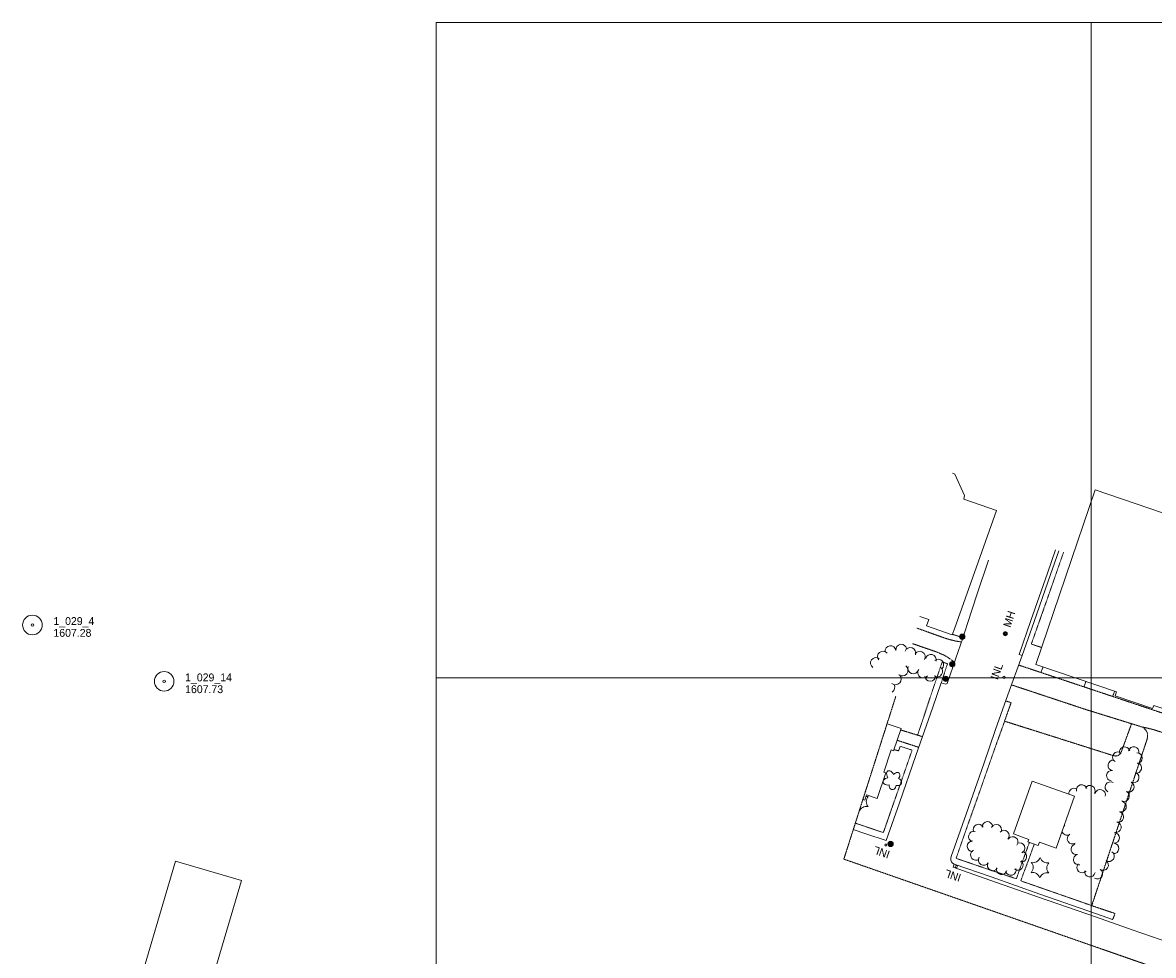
# Model space of a CAD drawing. Header units: feet. Extents: x 386648 to 388873, y 98149 to 99500.
# Tile 2 of 6: x 386684 to 387547, y 98788 to 99500. Entities that reach past the tile are written whole.
import ezdxf
from ezdxf.enums import TextEntityAlignment as Align

# ---------------------------------------------------------------- set-up
doc = ezdxf.new("R2010")
doc.units = ezdxf.units.FT
doc.header["$MEASUREMENT"] = 0
doc.linetypes.add('DGN Style 3', pattern=[0.33152, 0.2368, -0.09472])
doc.linetypes.add('DGN Style 5', pattern=[0.16576, 0.07104, -0.09472])
for name, color, linetype, lineweight in [('E_DRN_Grate', 151, 'Continuous', 0), ('E_DWY', 73, 'DGN Style 3', 0), ('E_LAND_Vegetation', 21, 'Continuous', 0), ('E_MAP_GridLines', 151, 'Continuous', 0), ('E_MAP_Limits', 21, 'DGN Style 3', 0), ('E_MAP_PassPoints', 161, 'Continuous', 0), ('E_MISCPROP', 40, 'Continuous', 0), ('E_MISCPROP_HvyLine', 241, 'Continuous', 13), ('E_MISCPROP_Railing', 40, 'Continuous', 0), ('E_PATH_Sidewalk', 73, 'DGN Style 5', 0), ('E_RDWY', 21, 'Continuous', 13)]:
    doc.layers.add(name, color=color, linetype=linetype, lineweight=lineweight)
doc.styles.add('Style-IGR_FONT_0', font='IGR_FONT_0.shx')

# ---------------------------------------------------------------- blocks, each defined once
blk = doc.blocks.new('PP')
at = {"layer": 'E_MAP_PassPoints', "color": 40, "linetype": 'Continuous', "lineweight": 0}
for radius in [7.5, 0.96]:
    blk.add_circle((0, 0), radius, dxfattribs=at)
blk = doc.blocks.new('INL_6')
at = {"layer": 'E_MISCPROP_Railing', "color": 40, "linetype": 'Continuous', "lineweight": 0, "style": 'Style-IGR_FONT_0'}
blk.add_text('INL', height=6, rotation=359.99989, dxfattribs=at).set_placement((-5.79, -2.75))
blk = doc.blocks.new('MHO')
at = {"layer": 'E_DRN_Grate', "color": 20, "linetype": 'Continuous', "lineweight": 0}
for centre, radius in [((0.04, -0.06), 1.5), ((0.04, -0.06), 1.22), ((0.04, -0.07), 0.968), ((0.01, -0.08), 0.605)]:
    blk.add_circle(centre, radius, dxfattribs=at)
blk = doc.blocks.new('MHT')
at = {"layer": 'E_DRN_Grate', "color": 20, "linetype": 'Continuous', "lineweight": 0, "style": 'Style-IGR_FONT_0'}
blk.add_text('MH', height=6, rotation=0.00008, dxfattribs=at).set_placement((-0.35, -3.06), align=Align.CENTER)
blk = doc.blocks.new('POLE')
at = {"layer": 'E_MISCPROP', "color": 20, "linetype": 'Continuous', "lineweight": 0}
for radius in [2.02, 1.51, 1.01, 0.504]:
    blk.add_circle((0.03, -0.09), radius, dxfattribs=at)
blk = doc.blocks.new('PINEL')
at = {"layer": 'E_LAND_Vegetation', "color": 93, "linetype": 'Continuous', "lineweight": 0}
for centre, start, end in [((-8.23, 7.26), 275.21121, 0.97612), ((-10.49, -3.45), 335.21121, 60.97612), ((2.17, 10.66), 215.21121, 300.97612), ((10.31, 3.35), 155.21122, 240.97613), ((-2.35, -10.75), 35.21122, 120.97613), ((8.05, -7.36), 95.21122, 180.97613)]:
    blk.add_arc(centre, 5.72, start, end, dxfattribs=at)
blk = doc.blocks.new('TREE')
at = {"layer": 'E_LAND_Vegetation', "color": 93, "linetype": 'Continuous', "lineweight": 0}
for centre, major_axis, ratio in [((-3.74, -0.07), (3.29, -0.08), 0.832022), ((-1.07, 3.38), (0.91, -3.32), 0.782863), ((2.88, 1.66), (-3.52, -1.95), 0.691916), ((-1.48, -3.66), (1.2, 3.24), 0.716896), ((2.54, -2.64), (-3.34, 3.06), 0.560249)]:
    blk.add_ellipse(centre, major_axis=major_axis, ratio=ratio, start_param=1.570796, end_param=4.712389, dxfattribs=at)
blk = doc.blocks.new('INL_7')
at = {"layer": 'E_MISCPROP_Railing', "color": 40, "linetype": 'Continuous', "lineweight": 0, "style": 'Style-IGR_FONT_0'}
blk.add_text('INL', height=6, rotation=0.00008, dxfattribs=at).set_placement((-5.79, -2.75))

msp = doc.modelspace()

# ---------------------------------------------------------------- linework, layer by layer
at = {"layer": 'E_DWY', "color": 51, "linetype": 'DGN Style 3', "lineweight": 0, "flags": 128}
for points in [[(387366.96, 99037.87), (387388.68, 99030.1), (387391.9, 99029.13), (387396.2, 99028.1), (387400.96, 99027.27)], [(387395.61, 99011.83), (387392.52, 99014.17), (387390.5, 99015.57), (387387.77, 99017.23), (387381.75, 99019.77), (387363.65, 99026.01)], [(387595.15, 98959.42), (387444.58, 99009.68)], [(387494.38, 98993.05), (387495.95, 98997.1)], [(387623.31, 98935.21), (387566.09, 98954.34), (387546.92, 98960.61), (387538.4, 98962.55), (387496.31, 98975.6), (387439.17, 98994.55)], [(387516.34, 98985.73), (387517.81, 98989.66)], [(387434.8, 98982.34), (387438.8, 98980.96), (387433.82, 98966.86), (387516.35, 98940.74), (387518.71, 98940.24), (387520.44, 98940.57), (387521.76, 98941.53), (387522.7, 98942.83), (387530.75, 98964.92)], [(387539.29, 98962.35), (387541.39, 98960.3), (387542.6, 98958.41), (387543.02, 98956.54), (387542.71, 98953.39), (387500.34, 98826.06), (387518.15, 98820.08), (387516.33, 98815.55)], [(387354.55, 98960.17), (387371.14, 98955.06)], [(387368.28, 98946.9), (387351.88, 98952.27)]]:
    msp.add_lwpolyline(points, dxfattribs=at)
at = {"layer": 'E_LAND_Vegetation', "color": 93, "linetype": 'Continuous', "lineweight": 0}
for centre, radius, start, end in [((387346.78, 99020.26), 4.15, 7.89862, 187.8833), ((387355.01, 99021.4), 4.15, 7.89862, 187.8833), ((387361.82, 99018.92), 4.15, 340.34935, 160.33403), ((387335.68, 99011.27), 4.15, 55.02288, 235.00756), ((387341.03, 99016.12), 4.15, 37.78412, 217.76879), ((387369.18, 99016.13), 4.11, 328.72692, 148.72692), ((387377.57, 99013.7), 4.11, 344.22215, 164.22215), ((387383.23, 99010.07), 4.11, 309.83239, 129.83239), ((387355.82, 99005.64), 4.31, 230.72579, 50.71046), ((387364.17, 99007.18), 4.11, 161.38158, 341.38158), ((387371.65, 99004.01), 4.11, 142.65836, 322.65836), ((387382.43, 99004.83), 4.11, 234.69275, 54.69275), ((387350.66, 98998.92), 4.31, 227.71023, 47.69491), ((387377.13, 99001.44), 4.11, 181.65304, 1.65304), ((387345.78, 98992.77), 4.31, 301.75746, 28.92328), ((387525.56, 98943.22), 4.01, 16.37081, 196.37081), ((387532.41, 98943.29), 4.01, 347.61385, 167.61385), ((387516.74, 98933.1), 4.01, 81.73865, 261.73865), ((387520.31, 98939.41), 4.01, 59.30484, 239.30484), ((387534.84, 98938.66), 4.01, 271.77949, 91.77949), ((387515.66, 98925.24), 4.01, 84.37789, 264.37789), ((387532.42, 98923.93), 4.01, 242.50142, 62.50142), ((387534.36, 98931.2), 4.01, 256.95561, 76.95561), ((387514.59, 98916.51), 4.01, 60.02711, 240.02711), ((387528.71, 98916.81), 4.01, 242.87752, 62.87752), ((387486.85, 98911.62), 4.01, 59.61446, 184.54586), ((387492.71, 98914.4), 4.01, 15.49269, 195.49269), ((387498.97, 98913.79), 4.01, 329.67437, 149.67437), ((387506.8, 98910.63), 4.01, 344.87265, 164.87265), ((387525.05, 98909.67), 4.01, 242.87752, 62.87752), ((387328.36, 98896.06), 5.72, 76.30066, 162.06557), ((387328.63, 98915.01), 5.72, 264.482, 282.06558), ((387333.97, 98905.45), 5.72, 136.30066, 222.06557), ((387522.65, 98901.62), 4.01, 255.07452, 75.07453), ((387317.42, 98896.21), 5.72, 16.30066, 19.20682), ((387520.65, 98893.82), 4.01, 255.90546, 75.90546), ((387413.89, 98884.2), 4.05, 27.27099, 207.27099), ((387420.74, 98886.13), 4.05, 2.68177, 182.68177), ((387427.47, 98884.07), 4.05, 335.69587, 155.69587), ((387478.53, 98890.73), 4.01, 279.00702, 283.73353), ((387481.61, 98883.83), 4.01, 116.92087, 125.69967), ((387518.82, 98885.92), 4.01, 258.59447, 78.59447), ((387409.4, 98871.45), 4.05, 91.56179, 271.56179), ((387410.35, 98878.82), 4.05, 73.92148, 253.92147), ((387433.33, 98879.51), 4.05, 317.32751, 137.32751), ((387440.06, 98874.7), 4.05, 322.68857, 142.68857), ((387481.61, 98883.83), 4.01, 195.50052, 296.92088), ((387485.68, 98877.09), 4.01, 121.50626, 301.50626), ((387517.53, 98877.76), 4.01, 266.45675, 86.45675), ((387412, 98864.8), 4.05, 116.79205, 296.79205), ((387445.25, 98869.99), 4.05, 293.94308, 113.94307), ((387446.64, 98863.49), 4.05, 259.27566, 79.27566), ((387488.51, 98869.07), 4.01, 104.5046, 284.5046), ((387513.51, 98863.78), 4.01, 236.57515, 56.57515), ((387517.03, 98869.76), 4.01, 266.45675, 86.45675), ((387417.92, 98860.93), 4.05, 147.07328, 327.07328), ((387424.75, 98856.74), 4.05, 149.81626, 329.81626), ((387444.01, 98857.12), 4.05, 229.89499, 49.89499), ((387490.45, 98861.24), 4.01, 103.29995, 283.29995), ((387509.09, 98857.08), 4.01, 236.57515, 56.57515), ((387431.67, 98853.87), 4.05, 166.19425, 346.19425), ((387438.59, 98853.35), 4.05, 194.83453, 14.83453), ((387493.05, 98855.19), 4.01, 138.0766, 318.0766), ((387498.94, 98851.99), 4.01, 169.82622, 349.82622), ((387504.67, 98850.39), 4.01, 236.57515, 56.57515)]:
    msp.add_arc(centre, radius, start, end, dxfattribs=at)
at = {"layer": 'E_MAP_GridLines', "color": 161, "linetype": 'Continuous', "lineweight": 0}
for p, q in [((387000, 98500), (387000, 99500)), ((387000, 99500), (388500, 99500)), ((387500, 98500), (387500, 99500)), ((387000, 99000), (388500, 99000))]:
    msp.add_line(p, q, dxfattribs=at)
at = {"layer": 'E_MAP_GridLines', "color": 221, "linetype": 'Continuous', "lineweight": 13, "flags": 128}
msp.add_lwpolyline([(386710.2, 98551.8), (386760.44, 98536.98), (386851.37, 98845.15), (386801.13, 98859.97)], close=True, dxfattribs=at)
at = {"layer": 'E_MAP_Limits', "color": 73, "linetype": 'DGN Style 3', "lineweight": 0, "flags": 128}
for points in [[(387311.17, 98861.57), (387350.79, 98985.7)], [(387311.17, 98861.57), (388066.59, 98598.25)]]:
    msp.add_lwpolyline(points, dxfattribs=at)
at = {"layer": 'E_MISCPROP_HvyLine', "color": 241, "linetype": 'Continuous', "lineweight": 13, "flags": 128}
for points in [[(387394, 99156.1), (387395.87, 99155.3), (387403.27, 99139.03), (387402.65, 99136.41), (387427.6, 99127.72), (387395.51, 99037.41)], [(387376.01, 99044.37), (387369.19, 99046.8)], [(387376.01, 99044.37), (387374.29, 99039.68), (387393.91, 99032.72), (387395.51, 99037.41)], [(387325.67, 98907), (387327.13, 98906.5), (387328.56, 98910.72), (387328.56, 98910.72), (387328.56, 98910.72), (387336.67, 98907.97), (387336.67, 98907.97), (387343.28, 98927.47), (387343.28, 98927.47), (387343.28, 98927.47), (387341.56, 98928.05), (387341.56, 98928.05), (387347.29, 98944.97), (387347.29, 98944.97), (387349.19, 98944.33), (387349.19, 98944.33), (387349.19, 98944.33), (387354.89, 98961.18), (387344.13, 98964.82)]]:
    msp.add_lwpolyline(points, dxfattribs=at)
for points in [[(387638.31, 99096.2), (387638.31, 99096.2), (387614.75, 99027.03), (387614.75, 99027.03), (387577.03, 99039.88), (387577.03, 99039.88), (387555.37, 98976.3), (387555.37, 98976.3), (387547.68, 98978.93), (387547.68, 98978.93), (387546.84, 98976.47), (387546.84, 98976.47), (387518.26, 98986.21), (387518.26, 98986.21), (387518.26, 98986.21), (387518.26, 98986.21), (387519.26, 98989.16), (387519.26, 98989.16), (387457.67, 99010.14), (387503.04, 99143.33), (387503.04, 99143.33), (387564.91, 99122.25), (387564.91, 99122.25), (387638.31, 99096.2)], [(387454.87, 98921.15), (387440.66, 98880.8), (387440.66, 98880.8), (387452.4, 98876.66), (387452.4, 98876.66), (387452.4, 98876.66), (387451.69, 98874.65), (387459.56, 98871.88), (387459.56, 98871.88), (387460.48, 98874.5), (387460.48, 98874.5), (387460.48, 98874.5), (387473.26, 98870), (387487.26, 98909.75), (387487.26, 98909.75), (387487.26, 98909.75)]]:
    msp.add_lwpolyline(points, close=True, dxfattribs=at)
at = {"layer": 'E_MISCPROP_Railing', "color": 40, "linetype": 'Continuous', "lineweight": 0}
for centre, radius in [((387433.41, 99000.27), 0.836), ((387343.11, 98872.37), 0.747), ((387396.96, 98855.99), 0.821)]:
    msp.add_circle(centre, radius, dxfattribs=at)
at = {"layer": 'E_PATH_Sidewalk', "color": 51, "linetype": 'DGN Style 5', "lineweight": 0, "flags": 128}
for points in [[(387478.89, 99095.95), (387454.3, 99025.69), (387462.11, 99023.17)], [(387402.07, 99030.52), (387394.07, 99033.18)], [(387367.43, 98956.21), (387386.19, 99012.05), (387390.35, 99010.7), (387385.45, 98996.03)], [(387461.67, 99003.98), (387463.21, 99008.25)], [(387452.69, 98874.29), (387442.85, 98846.51), (387396.87, 98862.23), (387419.64, 98926.95), (387433.82, 98966.86)], [(387319.91, 98888.96), (387341.35, 98881.88), (387363.23, 98944.83), (387354.13, 98947.6), (387352.99, 98944.21), (387349.48, 98945.2)], [(387500.34, 98826.06), (387446.22, 98845.02), (387456.53, 98872.94)]]:
    msp.add_lwpolyline(points, dxfattribs=at)
at = {"layer": 'E_RDWY', "color": 21, "linetype": 'Continuous', "lineweight": 13, "flags": 128}
for points in [[(387447.27, 99016.93), (387444.9, 99017.71), (387453.96, 99043.71), (387466.49, 99079.73), (387472.77, 99097.59)], [(387447.26, 99016.89), (387456.33, 99042.89), (387468.85, 99078.91), (387475.12, 99096.76)], [(387318.38, 98884.16), (387327.95, 98880.86), (387343.5, 98875.84), (387353.52, 98904.66), (387366.09, 98940.63), (387379, 98977.55), (387385.45, 98996.03), (387388.96, 98995.21), (387389.61, 98995.25), (387390.12, 98995.55), (387394.51, 99008.74), (387396.73, 99014.96), (387401.99, 99030.26), (387405.59, 99041.43), (387412.94, 99064.16), (387421.69, 99089.7)], [(387447.16, 99016.92), (387436.42, 98986.88), (387427.03, 98960.6), (387417.94, 98934.3), (387404.51, 98895.9), (387393.1, 98863.67), (387392.75, 98862.25), (387392.84, 98860.86), (387393.37, 98859.49), (387394.13, 98858.53), (387395.45, 98857.85)], [(387575.51, 98792.28), (387531.2, 98807.72), (387503.27, 98817.45), (387459.84, 98832.47), (387422.65, 98845.6), (387394.62, 98855.49), (387395.45, 98857.85)], [(387516.33, 98815.55), (387504.09, 98819.81), (387460.66, 98834.83), (387423.48, 98847.96), (387395.45, 98857.85)]]:
    msp.add_lwpolyline(points, dxfattribs=at)

# ---------------------------------------------------------------- block references
at = {"layer": 'E_DRN_Grate', "color": 20, "linetype": 'Continuous', "lineweight": 0, "xscale": 1.000000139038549, "yscale": 1.000000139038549, "zscale": 1.000000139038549, "rotation": 71.65819685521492}
for name, p in [('MHT', (387437.47, 99045.15)), ('MHO', (387434.27, 99033.59))]:
    msp.add_blockref(name, p, dxfattribs=at)
at = {"layer": 'E_LAND_Vegetation', "color": 93, "linetype": 'Continuous', "lineweight": 0, "xscale": 0.999999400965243, "yscale": 0.999999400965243, "zscale": 0.999999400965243, "rotation": 161.0894457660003}
for name, p in [('TREE', (387348.49, 98921.61)), ('PINEL', (387460.77, 98855.01))]:
    msp.add_blockref(name, p, dxfattribs=at)
at = {"layer": 'E_MAP_PassPoints', "color": 40, "linetype": 'Continuous', "lineweight": 0}
for p in [(386691.9, 99040.26), (386792.43, 98997.28)]:
    msp.add_blockref('PP', p, dxfattribs=at)
at = {"layer": 'E_MISCPROP', "color": 20, "linetype": 'Continuous', "lineweight": 0, "xscale": 0.999999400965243, "yscale": 0.999999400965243, "zscale": 0.999999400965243, "rotation": 161.0894457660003}
for p in [(387401.53, 99031.24), (387393.92, 99010.26), (387388.97, 98999.08), (387346.87, 98873.09)]:
    msp.add_blockref('POLE', p, dxfattribs=at)
at = {"layer": 'E_MISCPROP_Railing', "color": 40, "linetype": 'Continuous', "lineweight": 0}
for name, p, xscale, yscale, zscale, rotation in [('INL_7', (387427.95, 99004.32), 1.000001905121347, 1.000001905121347, 1.000001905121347, 70.56182992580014), ('INL_6', (387340.5, 98866.85), 0.999999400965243, 0.999999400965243, 0.999999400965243, 161.0894457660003), ('INL_6', (387394.86, 98849.1), 0.999999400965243, 0.999999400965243, 0.999999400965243, 161.0894457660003)]:
    msp.add_blockref(name, p, dxfattribs=dict(at, xscale=xscale, yscale=yscale, zscale=zscale, rotation=rotation))

# ---------------------------------------------------------------- texts
at = {"layer": 'E_MAP_PassPoints', "color": 40, "linetype": 'Continuous', "lineweight": 0, "style": 'Style-IGR_FONT_0'}
for s, p in [('1_029_4', (386707.9, 99040.26)), ('1607.28', (386707.9, 99031.26)), ('1_029_14', (386808.43, 98997.28)), ('1607.73', (386808.43, 98988.28))]:
    msp.add_text(s, height=6, dxfattribs=at).set_placement(p)

doc.saveas('drawing.dxf')

▬▬▬▬▬▬▬▬▬▬

**Directions:** The lines wanted run from the first one in the material above through the line containing "pattern=[0.16576, 0.07104, -0.09472])"; give them again exactly, leaving out the pictures.

**Reply:**
# Model space of a CAD drawing. Header units: feet. Extents: x 386648 to 388873, y 98149 to 99500.
# Tile 2 of 6: x 386684 to 387547, y 98788 to 99500. Entities that reach past the tile are written whole.
import ezdxf
from ezdxf.enums import TextEntityAlignment as Align

# ---------------------------------------------------------------- set-up
doc = ezdxf.new("R2010")
doc.units = ezdxf.units.FT
doc.header["$MEASUREMENT"] = 0
doc.linetypes.add('DGN Style 3', pattern=[0.33152, 0.2368, -0.09472])
doc.linetypes.add('DGN Style 5', pattern=[0.16576, 0.07104, -0.09472])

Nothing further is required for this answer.